Netflix abre a porta à integração de serviços de streaming de terceiros na sua plataforma
A guerra do streaming está a entrar numa nova fase. Depois de anos em que as principais plataformas concentraram os seus esforços na captação de subscritores e na produção de conteúdos exclusivos, o objetivo começa a ser diferente: tornar-se o local a partir do qual os consumidores acedem à maior quantidade possível de entretenimento, mesmo quando esse conteúdo pertence a um concorrente. A Amazon foi uma das primeiras empresas a apostar decididamente neste modelo através do Prime Video. A plataforma permite, há vários anos, contratar serviços de terceiros e aceder aos seus conteúdos a partir de uma única interface. Agora, YouTube, Roku e, de forma muito mais significativa, a Netflix estão a avançar na mesma direção.
A mudança responde a uma realidade cada vez mais evidente para a indústria: conquistar um novo subscritor é apenas o primeiro passo. As plataformas precisam que esse utilizador permaneça ativo, veja mais conteúdos e reduza a frequência com que cancela a subscrição.

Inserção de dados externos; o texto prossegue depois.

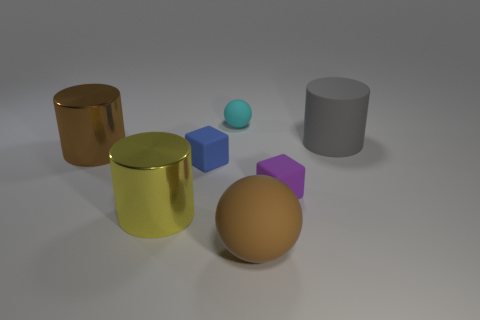Subtract all big metal cylinders. How many cylinders are left? 1 Subtract all brown cylinders. How many cylinders are left? 2 Subtract 1 cylinders. How many cylinders are left? 2 Add 3 tiny cyan spheres. How many objects exist? 10 Subtract all green metallic cylinders. Subtract all large yellow things. How many objects are left? 6 Add 2 brown metallic cylinders. How many brown metallic cylinders are left? 3 Add 2 cyan things. How many cyan things exist? 3 Subtract 0 gray cubes. How many objects are left? 7 Subtract all cubes. How many objects are left? 5 Subtract all cyan cubes. Subtract all blue cylinders. How many cubes are left? 2

Neste contexto, ter acesso a um catálogo mais vasto pode ser tão importante como produzir conteúdos próprios. O resultado é uma transformação das chamadas guerras do streaming. A competição já não se limita a determinar qual a plataforma com mais subscritores ou qual o serviço com a série mais popular. A batalha desloca-se para o controlo da interface, a relação com o consumidor e o ponto de entrada a partir do qual cada sessão de televisão é iniciada. Jonathan Carson, CEO da Antenna, empresa especializada na análise de subscrições, resume esta evolução, ao New York Times, através de uma questão aparentemente simples: que aplicação abre o utilizador quando liga a televisão e decide passar as horas seguintes a consumir conteúdos?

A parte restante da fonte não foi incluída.